> [Given entries]
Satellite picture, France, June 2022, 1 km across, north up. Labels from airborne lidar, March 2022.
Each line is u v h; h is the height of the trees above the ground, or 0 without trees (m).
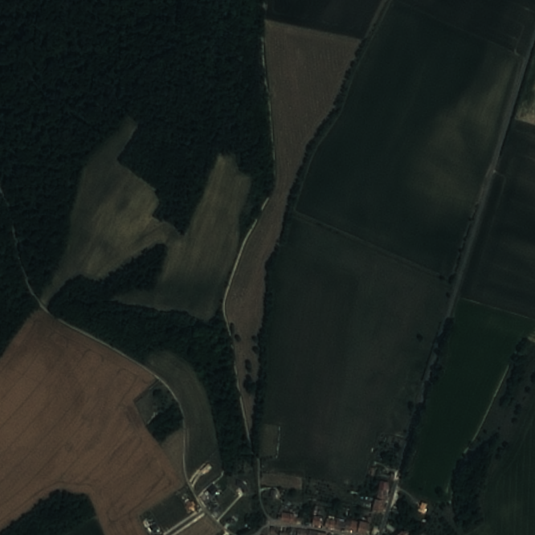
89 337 0
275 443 0
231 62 24
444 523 6
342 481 0
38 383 0
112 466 0
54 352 0
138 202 0
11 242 13
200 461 0
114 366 0
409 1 0
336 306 0
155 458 0
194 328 23
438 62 0
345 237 0
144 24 27
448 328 17
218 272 0
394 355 0
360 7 0
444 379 0
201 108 9
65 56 23
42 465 0
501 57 0
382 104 0
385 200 0
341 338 0
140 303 0
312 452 0
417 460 0
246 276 0
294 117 0
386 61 0
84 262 0
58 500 6
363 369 0
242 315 0
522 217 0
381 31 0
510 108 0
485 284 0
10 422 0
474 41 0
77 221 0
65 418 0
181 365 0
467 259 0
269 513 0
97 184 0
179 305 0
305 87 0
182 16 24
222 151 21
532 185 0
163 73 17
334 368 0
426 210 0
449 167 0
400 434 0
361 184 0
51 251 22
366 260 0
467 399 0
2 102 7
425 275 0
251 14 17
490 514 0
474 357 0
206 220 0
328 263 0
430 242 0
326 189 0
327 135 0
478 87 0
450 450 0
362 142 0
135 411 0
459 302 0
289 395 0
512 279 0
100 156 0
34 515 14
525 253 0
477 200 0
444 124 0
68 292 10
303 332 0
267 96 13
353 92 0
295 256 0
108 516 0
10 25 20
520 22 0
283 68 0
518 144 0
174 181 10
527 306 0
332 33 0
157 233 0
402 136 0
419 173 0
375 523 0
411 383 0
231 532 0
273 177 16
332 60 0
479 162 0
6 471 0
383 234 0
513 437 0
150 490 0
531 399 0
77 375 0
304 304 0
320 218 0
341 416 0
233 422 22
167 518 0
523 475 0
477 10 0
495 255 0
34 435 0
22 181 18
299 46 0
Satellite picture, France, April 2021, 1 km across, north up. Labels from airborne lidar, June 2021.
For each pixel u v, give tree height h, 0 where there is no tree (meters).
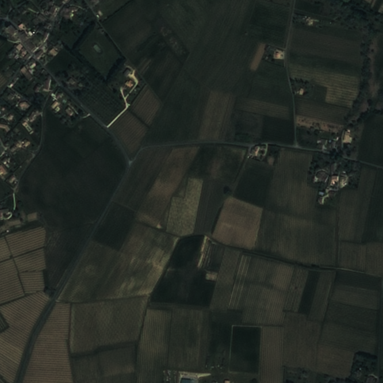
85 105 0
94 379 0
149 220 0
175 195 0
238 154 0
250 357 0
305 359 0
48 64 0
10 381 0
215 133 0
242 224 0
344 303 0
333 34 0
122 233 0
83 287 0
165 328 0
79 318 0
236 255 0
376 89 0
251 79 0
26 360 0
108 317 0
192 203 0
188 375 0
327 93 0
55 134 0
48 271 0
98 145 0
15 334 0
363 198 0
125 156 0
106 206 0
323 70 0
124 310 0
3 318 0
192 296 0
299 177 0
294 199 0
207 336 0
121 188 0
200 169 0
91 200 0
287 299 0
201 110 0
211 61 0
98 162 0
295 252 0
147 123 0
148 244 0
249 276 0
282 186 0
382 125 0
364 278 0
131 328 0
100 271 0
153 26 0
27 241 0
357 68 0
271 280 0
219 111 0
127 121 0
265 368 0
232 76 0
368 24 13
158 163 0
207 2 0
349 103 0
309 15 0
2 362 0
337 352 0
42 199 0
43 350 0
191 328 0
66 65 0
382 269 0
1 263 0
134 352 0
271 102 0
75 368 0
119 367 0
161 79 0
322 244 0
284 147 0
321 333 0
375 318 0
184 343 0
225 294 0
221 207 0
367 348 0
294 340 0
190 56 0
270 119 0
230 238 0
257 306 0
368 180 0
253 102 0
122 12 0
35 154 0
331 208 0
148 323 0
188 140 0
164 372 0
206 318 0
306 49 0
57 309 0
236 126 0
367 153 0
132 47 0
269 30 0
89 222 0
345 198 0
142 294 0
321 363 0
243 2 0
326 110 0
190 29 0
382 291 0
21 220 10
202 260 0
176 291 0
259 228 0
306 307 0
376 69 0
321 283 0
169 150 0
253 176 0
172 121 0
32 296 0
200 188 0
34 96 11
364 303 0
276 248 0
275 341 0
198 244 0
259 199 0
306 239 0
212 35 0
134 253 0
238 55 0
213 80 0
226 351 0
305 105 0
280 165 0
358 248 0
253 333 0
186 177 0
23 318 0
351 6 16
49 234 0
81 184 0
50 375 0
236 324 0
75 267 0
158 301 0
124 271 0
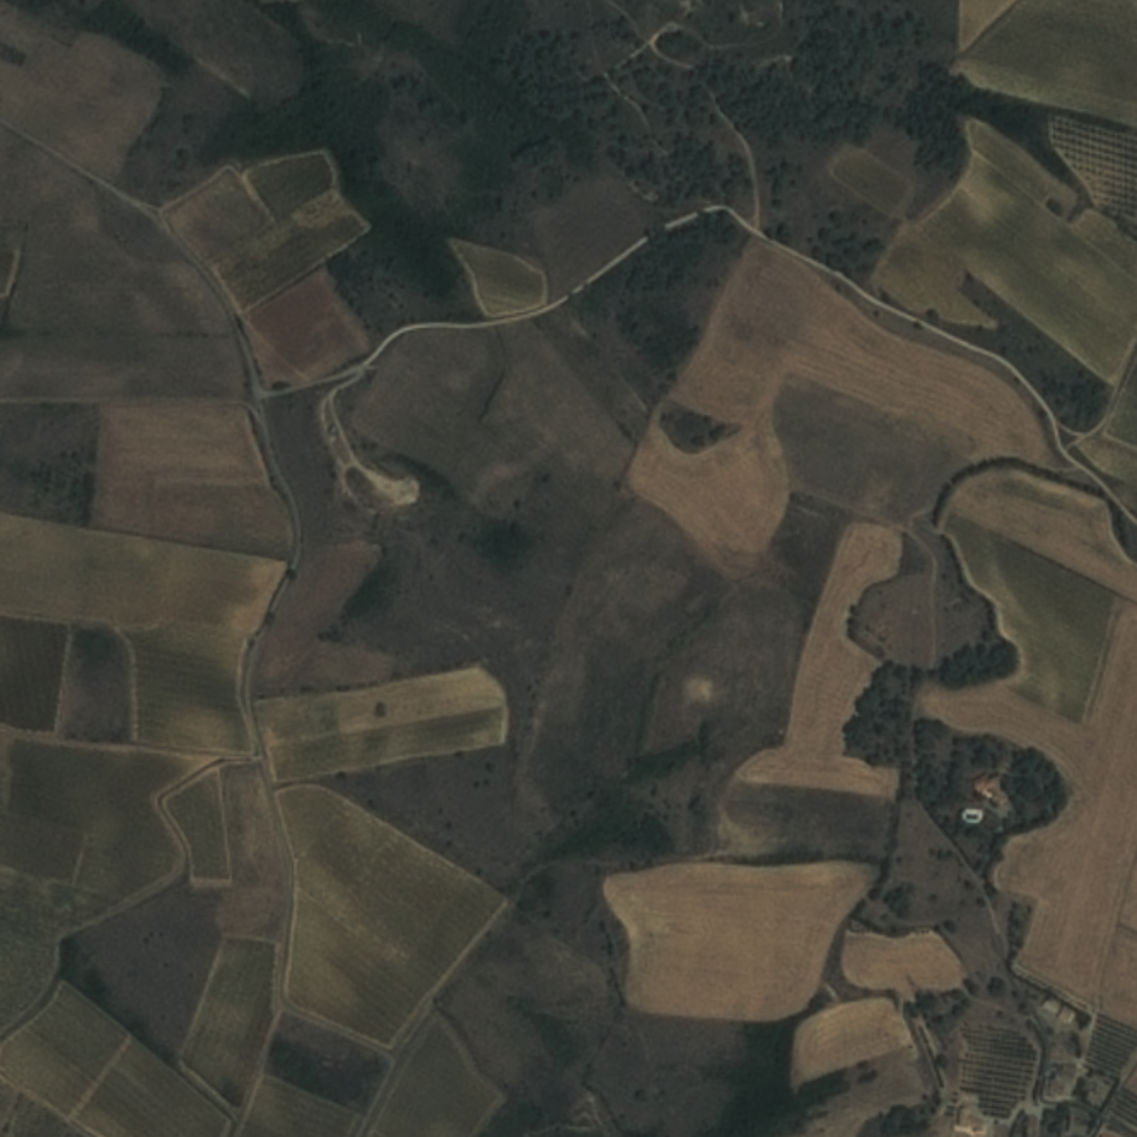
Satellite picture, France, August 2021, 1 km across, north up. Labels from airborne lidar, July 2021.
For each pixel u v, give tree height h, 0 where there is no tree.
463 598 0
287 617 0
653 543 0
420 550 0
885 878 6
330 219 0
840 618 0
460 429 0
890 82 9
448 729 0
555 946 0
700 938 0
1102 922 0
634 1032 0
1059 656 0
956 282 0
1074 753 0
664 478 0
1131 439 0
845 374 0
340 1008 0
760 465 0
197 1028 0
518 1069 0
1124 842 0
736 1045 0
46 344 0
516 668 0
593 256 0
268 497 0
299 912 0
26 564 0
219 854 0
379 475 0
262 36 0
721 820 0
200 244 0
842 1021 0
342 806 0
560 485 0
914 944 0
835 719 0
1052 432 0
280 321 0
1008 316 0
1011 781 12
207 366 0
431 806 0
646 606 0
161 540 0
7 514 0
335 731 0
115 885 0
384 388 0
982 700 0
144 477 0
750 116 7
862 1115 0
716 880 0
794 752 0
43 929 0
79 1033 0
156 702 0
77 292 0
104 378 0
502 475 0
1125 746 0
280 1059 0
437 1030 0
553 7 0
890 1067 0
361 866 0
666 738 0
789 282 0
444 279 5
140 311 0
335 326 0
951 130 7
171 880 0
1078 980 0
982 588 0
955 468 0
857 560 0
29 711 0
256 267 0
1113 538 0
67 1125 0
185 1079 0
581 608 0
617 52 0
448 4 0
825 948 0
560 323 0
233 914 0
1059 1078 0
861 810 0
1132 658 0
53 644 0
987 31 0
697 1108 0
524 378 0
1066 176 9
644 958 0
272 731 0
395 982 0
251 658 0
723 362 0
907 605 0
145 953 0
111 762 0
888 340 0
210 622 0
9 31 0
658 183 11
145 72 0
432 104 10
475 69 7
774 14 0
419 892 0
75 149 0
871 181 0
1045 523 0
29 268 0
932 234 0
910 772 5
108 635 0
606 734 0
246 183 0
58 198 0
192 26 0
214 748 0
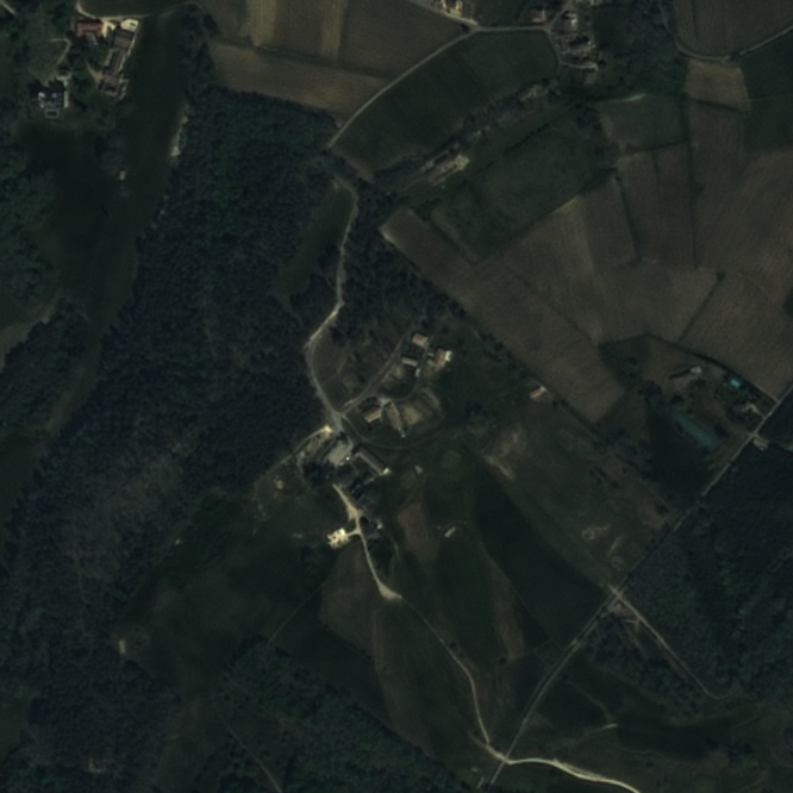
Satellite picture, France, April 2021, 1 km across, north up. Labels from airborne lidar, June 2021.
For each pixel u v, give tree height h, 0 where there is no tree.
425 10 0
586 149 0
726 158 0
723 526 11
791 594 8
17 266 21
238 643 0
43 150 0
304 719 17
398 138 0
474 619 0
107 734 13
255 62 0
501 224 0
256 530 0
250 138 18
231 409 19
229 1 0
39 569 25
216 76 15
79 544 14
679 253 0
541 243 0
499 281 0
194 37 13
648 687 13
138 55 0
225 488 19
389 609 0
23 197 21
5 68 0
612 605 0
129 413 21
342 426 0
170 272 25
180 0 0
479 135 19
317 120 18
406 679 0
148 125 0
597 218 0
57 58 25
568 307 0
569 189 0
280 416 18
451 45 0
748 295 0
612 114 0
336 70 0
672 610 19
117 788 11
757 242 0
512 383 0
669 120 0
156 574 0
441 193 0
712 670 20
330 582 0
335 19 0
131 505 16
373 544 7
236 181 22
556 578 0
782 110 0
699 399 0
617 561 0
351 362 11
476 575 0
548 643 0
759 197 0
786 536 8
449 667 0
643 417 0
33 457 0
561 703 0
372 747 22
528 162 0
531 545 0
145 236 0
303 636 0
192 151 23
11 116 26
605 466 0
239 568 0
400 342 18
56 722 21
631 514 0
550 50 0
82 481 18
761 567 11
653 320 0
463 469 0
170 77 0
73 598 6
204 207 15
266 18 0
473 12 0
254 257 21
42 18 27
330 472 16
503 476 0
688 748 0
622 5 11
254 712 0
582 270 0
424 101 0
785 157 0
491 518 0
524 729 0
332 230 0
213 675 0
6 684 18
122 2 0
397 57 0
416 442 0
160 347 15
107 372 16
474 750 0
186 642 0
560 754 0
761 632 8
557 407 11
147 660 0
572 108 6
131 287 0
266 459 17
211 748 0
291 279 0
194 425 16
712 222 0
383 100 0
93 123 0
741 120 0
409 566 0
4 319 0
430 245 0
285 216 21
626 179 0
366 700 0
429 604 0
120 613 19
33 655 13
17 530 15
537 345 0
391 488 0
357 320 13
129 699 20
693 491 0
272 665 23
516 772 0
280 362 14
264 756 8
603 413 0
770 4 0
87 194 0
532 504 0
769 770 0
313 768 16
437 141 0
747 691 18
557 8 10
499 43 0
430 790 8
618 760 0
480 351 0
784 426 11
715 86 0
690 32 0
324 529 0
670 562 22
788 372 0
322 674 0
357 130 0
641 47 12
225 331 18
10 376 15
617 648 18
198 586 0
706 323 0
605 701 0
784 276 0
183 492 21
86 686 18
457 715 0
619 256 0
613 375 0
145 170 0
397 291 22
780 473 10
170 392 22
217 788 0
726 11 0
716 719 0
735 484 7
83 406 0
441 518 0
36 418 20
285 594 0
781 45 0
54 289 0
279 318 18
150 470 19
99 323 0
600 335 0
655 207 0
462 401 0
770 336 0
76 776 16
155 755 23
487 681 0
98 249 0
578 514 0
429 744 0
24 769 19
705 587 11
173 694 22
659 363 0
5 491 0
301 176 18
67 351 19
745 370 0
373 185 9
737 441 0
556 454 0

> [Task to carry out] Which lines in the records above include the word "France"? Copy them out.

> [Solution for this exercise]
Satellite picture, France, June 2022, 1 km across, north up. Labels from airborne lidar, March 2022.
Satellite picture, France, April 2021, 1 km across, north up. Labels from airborne lidar, June 2021.
Satellite picture, France, August 2021, 1 km across, north up. Labels from airborne lidar, July 2021.
Satellite picture, France, April 2021, 1 km across, north up. Labels from airborne lidar, June 2021.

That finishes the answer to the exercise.